From the Editor
It is difficult to say when, precisely, any literary genre truly begins. There are always antecedents and precursors, and intense scrutiny often reveals anything in art to be older than it seems. However, for science fiction, fantasy, and fairy tale, the nineteenth century serves as a useful time period in which to place the beginnings of these genres, at least in their modern iterations.
Several arguments have been made, for instance, that Mary Shelley’s Frankenstein (1818) is not actually the first sf novel, that Margaret Cavendish’s The Blazing World (1666) or Johannes Kepler’s Somnium (1634) or any number of works can lay claim to being pre-Frankenstein works of sf, but Shelley’s novel in many ways established the genre as we know it today. Unlike many of its rivals that may be considered the first sf novel, Frankenstein is solely based on science and does not mix the real and the fantastic the way other works had. It was the first novel to look at humanity’s advancing scientific knowledge and ask “what if?” in a way that truly questioned our relationship with science. Instead, it asked questions about humanity and what we might do given the new scientific powers we were accumulating. While Frankenstein and other sf novels came from Europe, sf was not entirely a European creation. Much recent scholarship has demonstrated how other regions of the world, such as India and the Middle East, were early contributors to the genre.
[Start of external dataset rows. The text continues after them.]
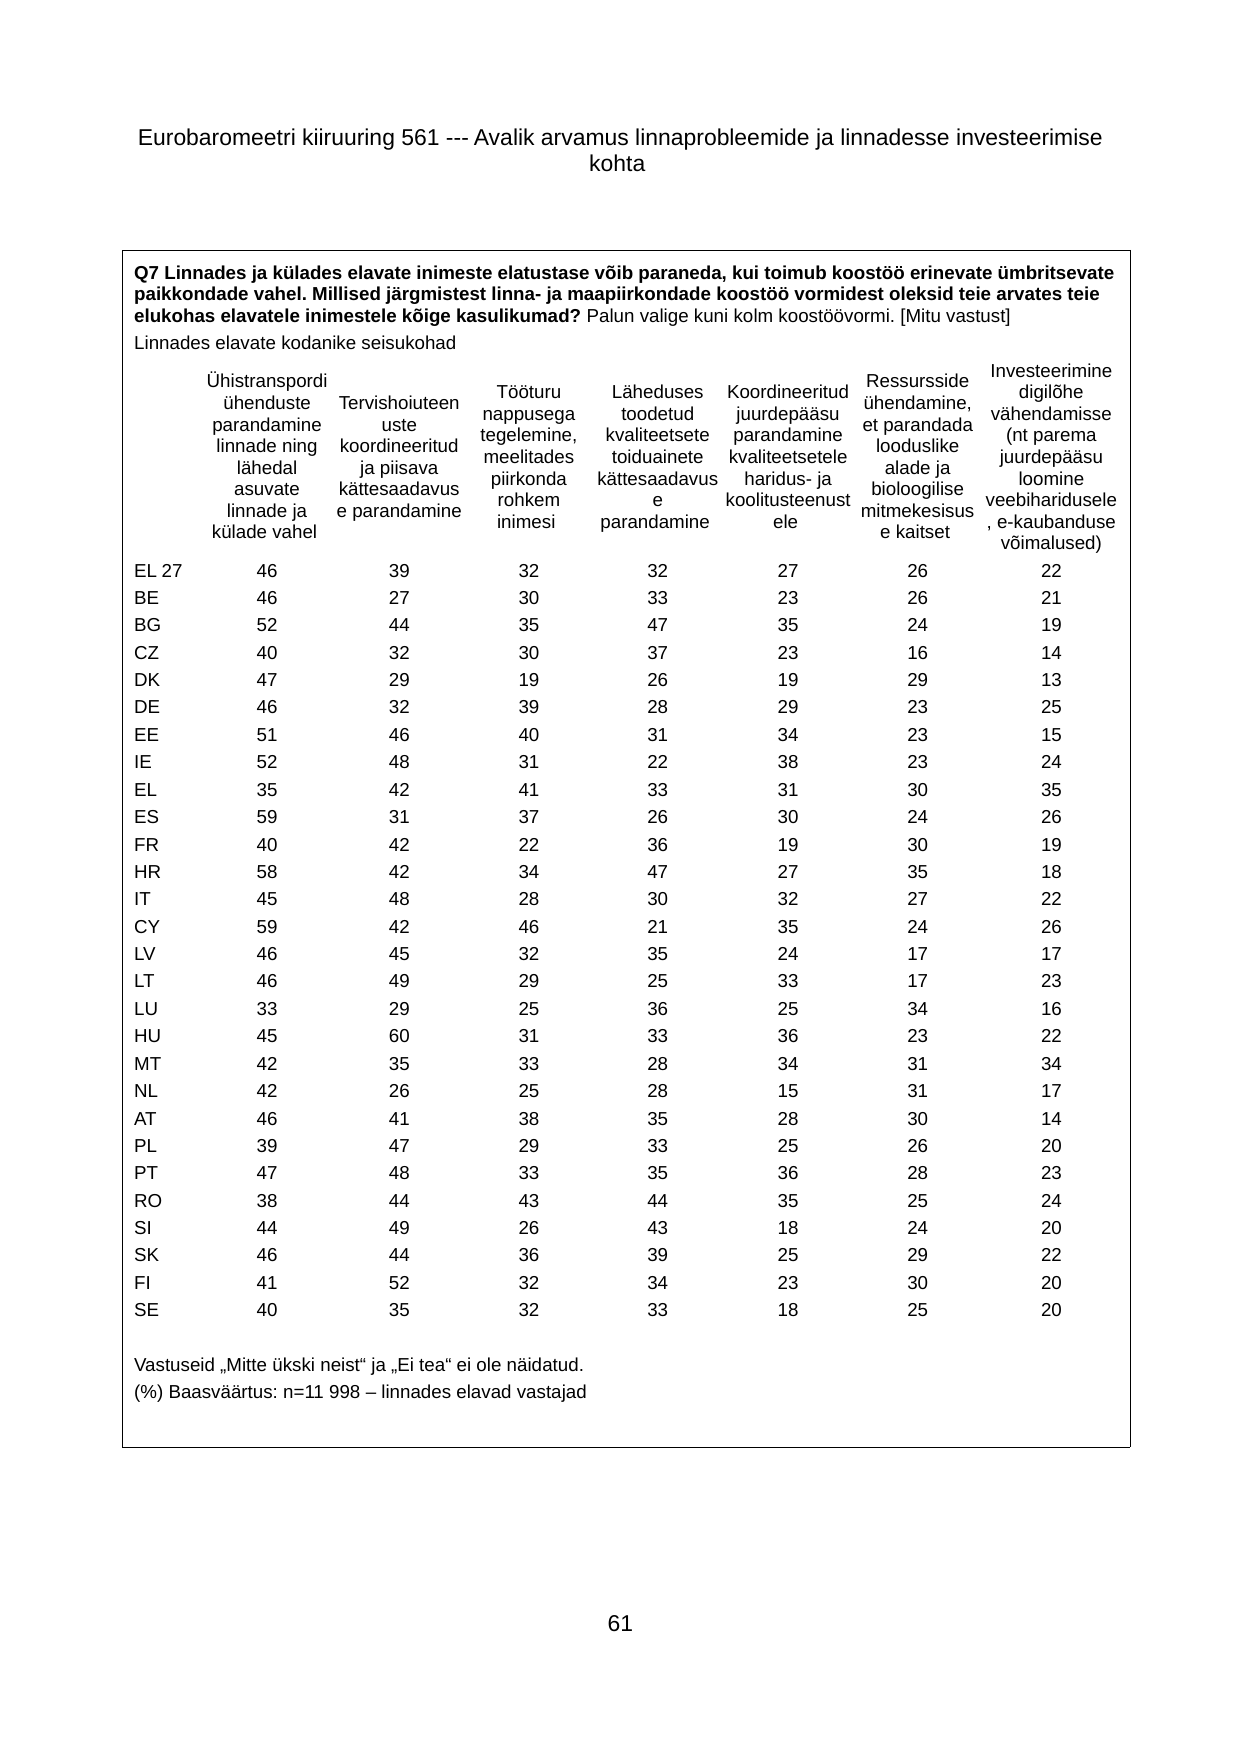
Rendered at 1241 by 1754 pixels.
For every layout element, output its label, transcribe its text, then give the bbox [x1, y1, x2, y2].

table_cell DE [131, 694, 200, 721]
table_cell 35 [722, 611, 853, 639]
table_cell 36 [722, 1159, 853, 1187]
table_cell 47 [593, 858, 722, 885]
table_cell 49 [333, 1214, 465, 1241]
table_cell 42 [200, 1077, 333, 1104]
table_cell 43 [593, 1214, 722, 1241]
table_cell 52 [200, 748, 333, 776]
table_cell 27 [333, 584, 465, 611]
table_cell Tööturu nappusega tegelemine, meelitades piirkonda rohkem inimesi [465, 357, 593, 556]
table_cell FR [131, 830, 200, 858]
table_cell 46 [333, 721, 465, 748]
table_cell DK [131, 666, 200, 693]
table_cell [200, 1324, 333, 1351]
table_cell 16 [854, 639, 981, 666]
table_cell 45 [200, 885, 333, 913]
table_cell 26 [593, 666, 722, 693]
table_cell 48 [333, 748, 465, 776]
table_cell 44 [333, 1241, 465, 1269]
table_cell 33 [593, 1296, 722, 1323]
table_cell 30 [854, 830, 981, 858]
table_cell 28 [722, 1104, 853, 1132]
table_cell 34 [722, 721, 853, 748]
table_cell 30 [593, 885, 722, 913]
table_cell 26 [854, 584, 981, 611]
table_cell 47 [333, 1132, 465, 1159]
table_cell 25 [465, 995, 593, 1022]
table_cell 42 [333, 776, 465, 803]
table_cell 17 [854, 968, 981, 995]
table_cell 27 [722, 556, 853, 584]
table_cell 35 [593, 1159, 722, 1187]
table_cell 31 [465, 1022, 593, 1049]
table_cell 46 [200, 940, 333, 967]
table_cell 29 [333, 666, 465, 693]
table_cell 26 [333, 1077, 465, 1104]
table_cell 26 [981, 913, 1121, 940]
table_cell 18 [981, 858, 1121, 885]
table_cell CY [131, 913, 200, 940]
table_cell LU [131, 995, 200, 1022]
table_cell 35 [200, 776, 333, 803]
table_cell SE [131, 1296, 200, 1323]
table_cell 38 [200, 1187, 333, 1214]
table_header Q7 Linnades ja külades elavate inimeste elatustase võib paraneda, kui toimub koostöö erinevate ümbritsevate paikkondade vahel. Millised järgmistest linna- ja maapiirkondade koostöö vormidest oleksid teie arvates teie elukohas elavatele inimestele kõige kasulikumad? Palun valige kuni kolm koostöövormi. [Mitu vastust] [131, 259, 1121, 329]
table_cell 25 [722, 1241, 853, 1269]
table_cell 26 [981, 803, 1121, 830]
table_cell 32 [465, 940, 593, 967]
table_cell 40 [200, 830, 333, 858]
table_cell 52 [200, 611, 333, 639]
table_cell 23 [722, 1269, 853, 1296]
table_cell 31 [722, 776, 853, 803]
table_cell Vastuseid „Mitte ükski neist“ ja „Ei tea“ ei ole näidatud. [131, 1351, 1121, 1378]
table_cell Läheduses toodetud kvaliteetsete toiduainete kättesaadavuse parandamine [593, 357, 722, 556]
table_cell 30 [854, 1269, 981, 1296]
table_cell 23 [981, 1159, 1121, 1187]
table_cell AT [131, 1104, 200, 1132]
table_cell 39 [333, 556, 465, 584]
table_cell 33 [465, 1050, 593, 1077]
table_cell Tervishoiuteenuste koordineeritud ja piisava kättesaadavuse parandamine [333, 357, 465, 556]
table_cell 25 [854, 1296, 981, 1323]
table_cell 31 [854, 1077, 981, 1104]
table_cell EL 27 [131, 556, 200, 584]
table_cell CZ [131, 639, 200, 666]
table_cell 48 [333, 885, 465, 913]
table_cell 25 [722, 995, 853, 1022]
table_cell 46 [200, 584, 333, 611]
table_cell 44 [333, 611, 465, 639]
table_cell 31 [333, 803, 465, 830]
table_cell Ressursside ühendamine, et parandada looduslike alade ja bioloogilise mitmekesisuse kaitset [854, 357, 981, 556]
table_cell 35 [722, 913, 853, 940]
table_cell 25 [854, 1187, 981, 1214]
table_cell 20 [981, 1269, 1121, 1296]
table_cell 28 [465, 885, 593, 913]
table_cell 45 [200, 1022, 333, 1049]
table_cell 35 [593, 940, 722, 967]
table_cell [593, 1324, 722, 1351]
table_cell HU [131, 1022, 200, 1049]
table_cell 33 [200, 995, 333, 1022]
table_cell 36 [722, 1022, 853, 1049]
table_cell BG [131, 611, 200, 639]
table_cell 46 [200, 1104, 333, 1132]
table_cell 25 [593, 968, 722, 995]
table_cell 28 [593, 694, 722, 721]
table_cell [131, 1324, 200, 1351]
table_cell Linnades elavate kodanike seisukohad [131, 329, 1121, 357]
table_cell 37 [465, 803, 593, 830]
table_cell PL [131, 1132, 200, 1159]
table_cell 36 [593, 830, 722, 858]
table_cell 22 [981, 1022, 1121, 1049]
table_cell 48 [333, 1159, 465, 1187]
table_cell 42 [333, 830, 465, 858]
table_cell 30 [465, 584, 593, 611]
table_cell 24 [722, 940, 853, 967]
table_cell 22 [981, 885, 1121, 913]
table_cell 36 [465, 1241, 593, 1269]
table_cell Ühistranspordiühenduste parandamine linnade ning lähedal asuvate linnade ja külade vahel [200, 357, 333, 556]
table_cell 42 [333, 858, 465, 885]
table_cell 19 [722, 666, 853, 693]
table_cell 31 [465, 748, 593, 776]
table_cell 43 [465, 1187, 593, 1214]
table_cell EL [131, 776, 200, 803]
table_cell 32 [465, 1296, 593, 1323]
table_cell 29 [722, 694, 853, 721]
table_cell 32 [593, 556, 722, 584]
table_cell 37 [593, 639, 722, 666]
table_cell [854, 1324, 981, 1351]
table_cell SI [131, 1214, 200, 1241]
table_cell 44 [593, 1187, 722, 1214]
table_cell IT [131, 885, 200, 913]
table_cell 34 [981, 1050, 1121, 1077]
table_cell 38 [722, 748, 853, 776]
table_cell 44 [200, 1214, 333, 1241]
table_cell 15 [722, 1077, 853, 1104]
table_cell 18 [722, 1296, 853, 1323]
table_cell 23 [981, 968, 1121, 995]
table_cell 25 [722, 1132, 853, 1159]
table_cell 26 [854, 556, 981, 584]
table_cell 26 [854, 1132, 981, 1159]
table_cell 46 [200, 694, 333, 721]
table_cell 46 [200, 1241, 333, 1269]
table_cell PT [131, 1159, 200, 1187]
table_cell 41 [200, 1269, 333, 1296]
table_cell [131, 357, 200, 556]
table_cell [981, 1324, 1121, 1351]
table_cell 23 [854, 694, 981, 721]
table_cell 24 [854, 913, 981, 940]
table_cell 19 [465, 666, 593, 693]
table_cell [465, 1324, 593, 1351]
table_cell 18 [722, 1214, 853, 1241]
table_cell [333, 1324, 465, 1351]
table_cell 35 [333, 1296, 465, 1323]
table_cell 33 [593, 584, 722, 611]
table_cell 35 [593, 1104, 722, 1132]
table_cell 41 [465, 776, 593, 803]
table_cell 45 [333, 940, 465, 967]
table_cell 21 [981, 584, 1121, 611]
table_cell 32 [722, 885, 853, 913]
table_cell 25 [981, 694, 1121, 721]
table_cell LT [131, 968, 200, 995]
table_cell 28 [854, 1159, 981, 1187]
table_cell HR [131, 858, 200, 885]
table_cell 44 [333, 1187, 465, 1214]
table_cell 29 [465, 1132, 593, 1159]
table_cell 27 [854, 885, 981, 913]
table_cell 17 [854, 940, 981, 967]
table_cell 17 [981, 940, 1121, 967]
table_cell 47 [200, 666, 333, 693]
table_cell Koordineeritud juurdepääsu parandamine kvaliteetsetele haridus- ja koolitusteenustele [722, 357, 853, 556]
table_cell 40 [200, 639, 333, 666]
table_cell 32 [465, 1269, 593, 1296]
table_cell (%) Baasväärtus: n=11 998 – linnades elavad vastajad [131, 1378, 1121, 1406]
table_cell 16 [981, 995, 1121, 1022]
table_cell 15 [981, 721, 1121, 748]
table_cell 24 [854, 1214, 981, 1241]
table_cell 60 [333, 1022, 465, 1049]
table_cell 42 [200, 1050, 333, 1077]
table_cell 35 [465, 611, 593, 639]
table_cell 29 [333, 995, 465, 1022]
table_cell 32 [333, 694, 465, 721]
table_cell LV [131, 940, 200, 967]
table_cell 27 [722, 858, 853, 885]
table_cell 23 [854, 1022, 981, 1049]
table_cell 29 [465, 968, 593, 995]
table_cell 20 [981, 1214, 1121, 1241]
table_cell 33 [593, 1132, 722, 1159]
table_cell 32 [333, 639, 465, 666]
table_cell BE [131, 584, 200, 611]
table_cell 35 [333, 1050, 465, 1077]
table_cell 34 [465, 858, 593, 885]
table_cell 24 [854, 803, 981, 830]
table_cell MT [131, 1050, 200, 1077]
table_cell 40 [465, 721, 593, 748]
table_cell 47 [200, 1159, 333, 1187]
table_cell 22 [981, 1241, 1121, 1269]
table_cell 39 [200, 1132, 333, 1159]
table_cell 38 [465, 1104, 593, 1132]
table_cell 19 [981, 611, 1121, 639]
table_cell 46 [200, 556, 333, 584]
table_cell 22 [593, 748, 722, 776]
table_cell 34 [722, 1050, 853, 1077]
table_cell 40 [200, 1296, 333, 1323]
table_cell 24 [854, 611, 981, 639]
table_cell 31 [593, 721, 722, 748]
table_cell 22 [981, 556, 1121, 584]
table_cell FI [131, 1269, 200, 1296]
table_cell 52 [333, 1269, 465, 1296]
table_cell 58 [200, 858, 333, 885]
table_cell 29 [854, 666, 981, 693]
table_cell 13 [981, 666, 1121, 693]
table_cell 29 [854, 1241, 981, 1269]
table_cell ES [131, 803, 200, 830]
table_cell 20 [981, 1296, 1121, 1323]
table_cell 35 [854, 858, 981, 885]
table_cell 33 [722, 968, 853, 995]
table_cell 34 [593, 1269, 722, 1296]
table_cell 30 [854, 1104, 981, 1132]
table_cell [722, 1324, 853, 1351]
table_cell 14 [981, 1104, 1121, 1132]
table_cell 28 [593, 1077, 722, 1104]
table_cell 30 [854, 776, 981, 803]
table_cell 24 [981, 1187, 1121, 1214]
table_cell 31 [854, 1050, 981, 1077]
table_cell 33 [593, 1022, 722, 1049]
table_cell SK [131, 1241, 200, 1269]
table_cell 22 [465, 830, 593, 858]
table_cell 24 [981, 748, 1121, 776]
table_cell 23 [854, 748, 981, 776]
table_cell 42 [333, 913, 465, 940]
table_cell 32 [465, 556, 593, 584]
table_cell 59 [200, 913, 333, 940]
table_cell 46 [200, 968, 333, 995]
table_cell 30 [722, 803, 853, 830]
table_cell 25 [465, 1077, 593, 1104]
table_cell 26 [465, 1214, 593, 1241]
table_cell 41 [333, 1104, 465, 1132]
table_cell 59 [200, 803, 333, 830]
table_cell 35 [722, 1187, 853, 1214]
table_cell 39 [465, 694, 593, 721]
table_cell 14 [981, 639, 1121, 666]
table_cell 30 [465, 639, 593, 666]
table_cell 17 [981, 1077, 1121, 1104]
table_cell 35 [981, 776, 1121, 803]
table_cell 47 [593, 611, 722, 639]
table_cell RO [131, 1187, 200, 1214]
table_cell 19 [722, 830, 853, 858]
table_cell 26 [593, 803, 722, 830]
table_cell 51 [200, 721, 333, 748]
table_cell 33 [465, 1159, 593, 1187]
table_cell 49 [333, 968, 465, 995]
table_cell 36 [593, 995, 722, 1022]
table_cell 20 [981, 1132, 1121, 1159]
table_cell 19 [981, 830, 1121, 858]
table_cell Investeerimine digilõhe vähendamisse (nt parema juurdepääsu loomine veebiharidusele, e-kaubanduse võimalused) [981, 357, 1121, 556]
table_cell 33 [593, 776, 722, 803]
table_cell 23 [722, 584, 853, 611]
table_cell 34 [854, 995, 981, 1022]
table_cell 21 [593, 913, 722, 940]
table_cell 23 [722, 639, 853, 666]
table_cell 39 [593, 1241, 722, 1269]
table_cell 23 [854, 721, 981, 748]
table_cell EE [131, 721, 200, 748]
table_cell IE [131, 748, 200, 776]
table_cell 46 [465, 913, 593, 940]
table_cell NL [131, 1077, 200, 1104]
table_cell 28 [593, 1050, 722, 1077]

Fantasy, of course, did not begin in the nineteenth century. Its origins can be traced back to epic poems and stories of gods and supernatural creatures at the very beginnings of written stories, and no doubt goes back even further in oral traditions. However, like science fiction, many of the aspects of fantasy literature that we now take for granted have their beginnings in the nineteenth century, and many of the writers, such as George MacDonald or Margaret Oliphaunt, gave rise to subgenres such as high fantasy or the ghost story that we so easily recognize today. In America, fantasy played a large role in giving rise to a new national literary tradition. Washington Irving’s The Sketch Book (1819-20) provided a brand of American Romanticism with works such as “Rip Van Winkle” and “The Legend of Sleepy Hollow.” Edgar Allan Poe pioneered the short story, detective fiction, and horror with his fantastic tales and poetry, creating distinctive types of fantasy that would continue to be developed well into the twentieth century.
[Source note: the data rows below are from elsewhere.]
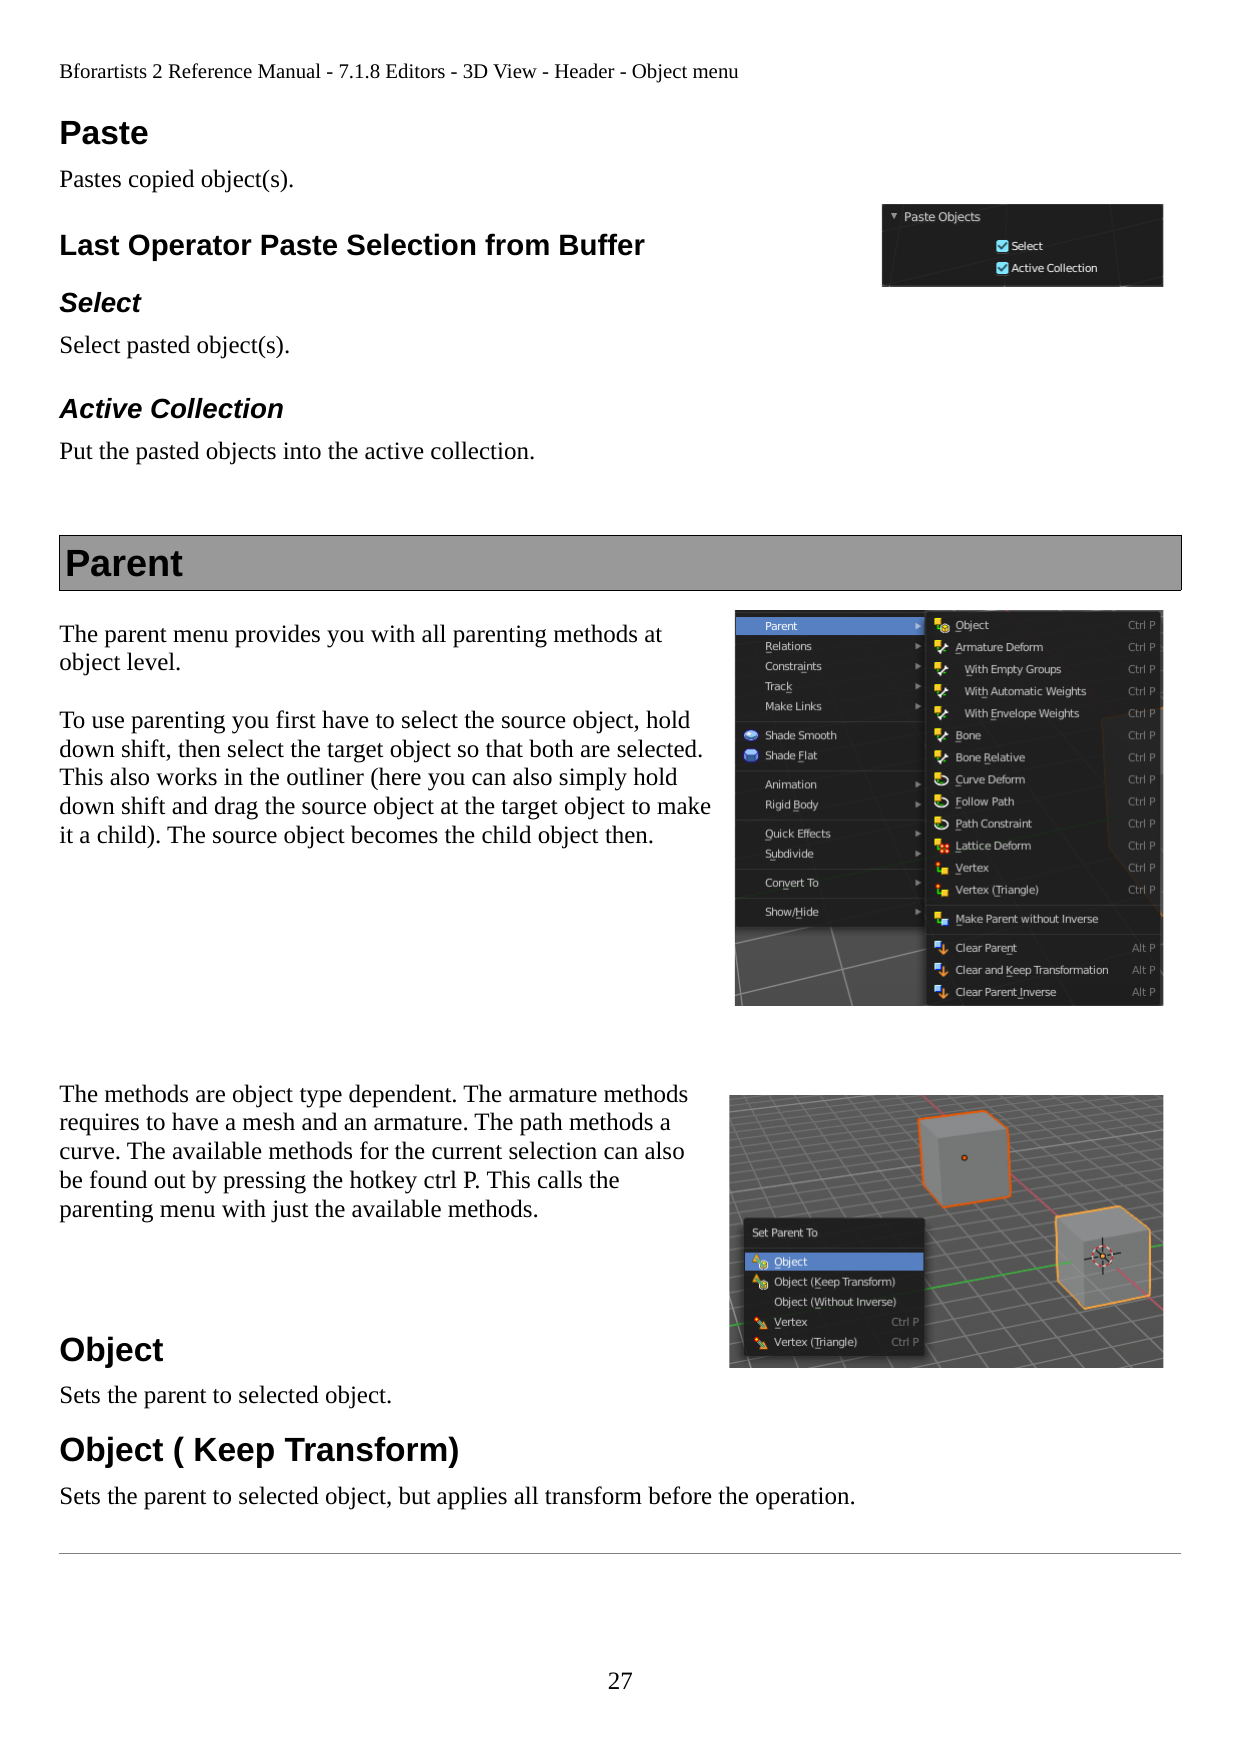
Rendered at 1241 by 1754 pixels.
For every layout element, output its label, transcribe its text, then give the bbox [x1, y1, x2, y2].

text Sets the parent to selected object, but applies all transform before the operation. [59, 1481, 1181, 1510]
picture [729, 1095, 1164, 1368]
subtitle Object [59, 1329, 729, 1368]
text To use parenting you first have to select the source object, hold down shift, then select the target object so that both are selected. This also works in the outliner (here you can also simply hold down shift and drag the source object at the target object to make it a child). The source object becomes the child object then. [59, 705, 734, 849]
subtitle Last Operator Paste Selection from Buffer [59, 227, 881, 261]
text Sets the parent to selected object. [59, 1381, 1181, 1409]
text Select pasted object(s). [59, 331, 1181, 359]
subtitle [1164, 1329, 1181, 1368]
subtitle Active Collection [59, 392, 1181, 424]
table_header Parent [60, 536, 1181, 590]
text Pastes copied object(s). [59, 164, 1181, 192]
subtitle Paste [59, 113, 1181, 151]
picture [734, 610, 1164, 1006]
text Put the pasted objects into the active collection. [59, 436, 1181, 465]
text The parent menu provides you with all parenting methods at object level. [59, 619, 734, 676]
subtitle Object ( Keep Transform) [59, 1430, 1181, 1469]
text The methods are object type dependent. The armature methods requires to have a mesh and an armature. The path methods a curve. The available methods for the current selection can also be found out by pressing the hotkey ctrl P. This calls the parenting menu with just the available methods. [59, 1079, 1181, 1222]
picture [881, 204, 1164, 287]
subtitle Select [59, 286, 1181, 318]

Fairy tales, too, go back much further, but they gained a special relevance in the nineteenth century, thanks to academics such as the Brothers Grimm who saw these stories as something more than children’s tales. In the nineteenth century, writers such as Hans Christian Andersen and Charles Kingsley created new fairy tales, and even writers such as Charles Dickens or Charlotte Brontë were influenced in their realistic fiction by the genre. The academic study of fairy tales since then has grown into a major field within literary studies, with generations of scholars discovering new layers of depth and meaning in these class stories. Likewise, writers from one generation to the next have found the form to be a flexible vehicle for commenting on society and culture.
These literary beginnings coincided with many other changes in the nineteenth century. The Industrial Revolution changed economies and class structures. Colonialism brought cultures into contact and conflict. The women’s suffrage movement caused people to rethink long-held beliefs. Darwinism brought religious beliefs under question and sparked new interest in scientific explanations of the world. In many ways, the fantastic literature that emerged in this milieu was a reaction to these ground-shaking changes.
It is the goal of this journal to trace the origins of science fiction, fantasy, and fairy tale and explore how they developed into the familiar genres we know today. This journal is also interested in nineteenth-century reception today, how phenomenon from the steam punk aesthetic to Disney movies are constantly re-envisioning the nineteenth century and putting our time into conversation with this previous era. In all, this journal will endeavor to explore a century and its literature that were both truly incredible.